# Supplied information:
───
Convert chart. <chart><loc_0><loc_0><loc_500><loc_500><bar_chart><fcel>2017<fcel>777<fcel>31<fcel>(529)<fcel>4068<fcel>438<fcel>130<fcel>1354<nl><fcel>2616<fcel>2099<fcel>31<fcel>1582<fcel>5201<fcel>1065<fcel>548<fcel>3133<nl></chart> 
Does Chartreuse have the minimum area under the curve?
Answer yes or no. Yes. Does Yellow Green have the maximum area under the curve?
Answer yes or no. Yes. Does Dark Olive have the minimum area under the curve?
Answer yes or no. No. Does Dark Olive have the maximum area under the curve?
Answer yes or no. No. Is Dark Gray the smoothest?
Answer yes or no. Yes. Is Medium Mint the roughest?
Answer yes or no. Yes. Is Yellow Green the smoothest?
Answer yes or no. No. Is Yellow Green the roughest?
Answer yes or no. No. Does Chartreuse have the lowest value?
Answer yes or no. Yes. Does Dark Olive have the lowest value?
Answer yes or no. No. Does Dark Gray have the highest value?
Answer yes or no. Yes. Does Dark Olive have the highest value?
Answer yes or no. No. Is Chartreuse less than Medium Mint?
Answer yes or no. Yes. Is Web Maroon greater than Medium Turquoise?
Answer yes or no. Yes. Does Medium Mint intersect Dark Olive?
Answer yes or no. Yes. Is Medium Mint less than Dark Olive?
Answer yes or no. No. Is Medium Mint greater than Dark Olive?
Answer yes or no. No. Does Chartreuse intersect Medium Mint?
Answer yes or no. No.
───
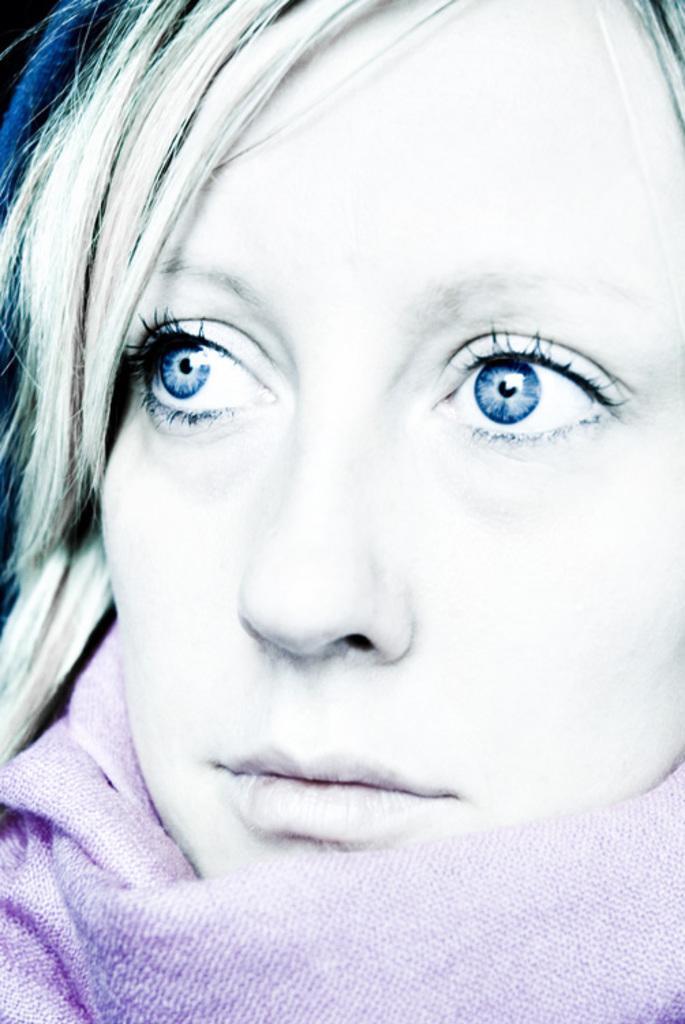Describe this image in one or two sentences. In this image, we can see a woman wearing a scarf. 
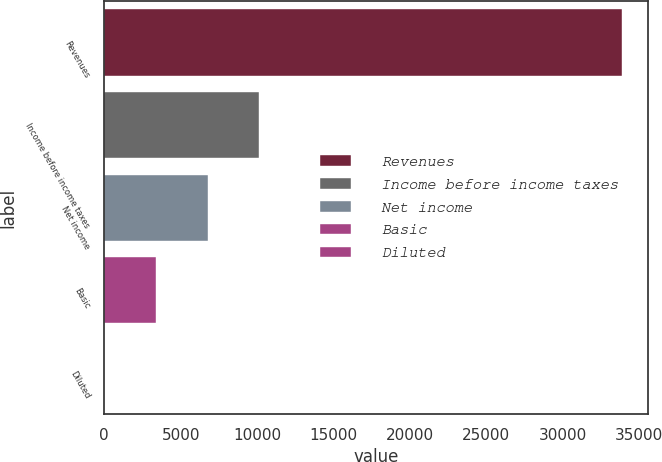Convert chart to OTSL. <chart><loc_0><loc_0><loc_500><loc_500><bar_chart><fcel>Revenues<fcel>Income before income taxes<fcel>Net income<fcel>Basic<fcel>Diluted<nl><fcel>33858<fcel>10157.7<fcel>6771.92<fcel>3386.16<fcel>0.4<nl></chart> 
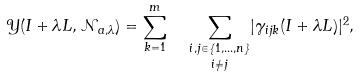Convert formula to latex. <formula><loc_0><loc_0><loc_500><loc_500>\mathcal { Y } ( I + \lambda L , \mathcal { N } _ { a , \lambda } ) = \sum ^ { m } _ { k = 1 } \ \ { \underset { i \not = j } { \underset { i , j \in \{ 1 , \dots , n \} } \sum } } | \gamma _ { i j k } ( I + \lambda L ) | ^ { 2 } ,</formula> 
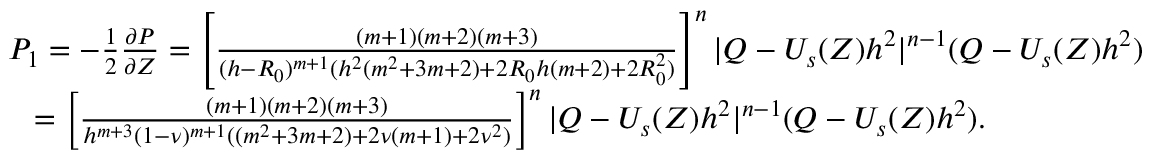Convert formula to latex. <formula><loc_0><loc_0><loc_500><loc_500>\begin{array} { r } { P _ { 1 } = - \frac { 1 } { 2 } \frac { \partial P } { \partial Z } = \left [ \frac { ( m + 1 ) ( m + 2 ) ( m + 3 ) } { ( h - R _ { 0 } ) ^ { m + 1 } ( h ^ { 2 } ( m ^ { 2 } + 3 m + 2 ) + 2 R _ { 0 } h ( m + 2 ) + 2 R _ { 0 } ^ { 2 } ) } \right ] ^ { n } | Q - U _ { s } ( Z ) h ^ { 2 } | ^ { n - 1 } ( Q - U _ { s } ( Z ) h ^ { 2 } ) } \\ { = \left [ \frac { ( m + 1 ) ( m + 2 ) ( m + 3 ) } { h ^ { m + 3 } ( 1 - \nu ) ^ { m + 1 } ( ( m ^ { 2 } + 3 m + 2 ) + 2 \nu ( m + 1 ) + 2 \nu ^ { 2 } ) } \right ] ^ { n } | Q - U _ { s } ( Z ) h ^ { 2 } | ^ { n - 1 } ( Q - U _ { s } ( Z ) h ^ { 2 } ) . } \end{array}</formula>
───
# Task objective:
Run a filter over the data above and keep each line that contains the word "Gray".

# Task response:
Answer yes or no. No. Is Dark Gray the smoothest?
Answer yes or no. No. Does Dark Gray have the highest value?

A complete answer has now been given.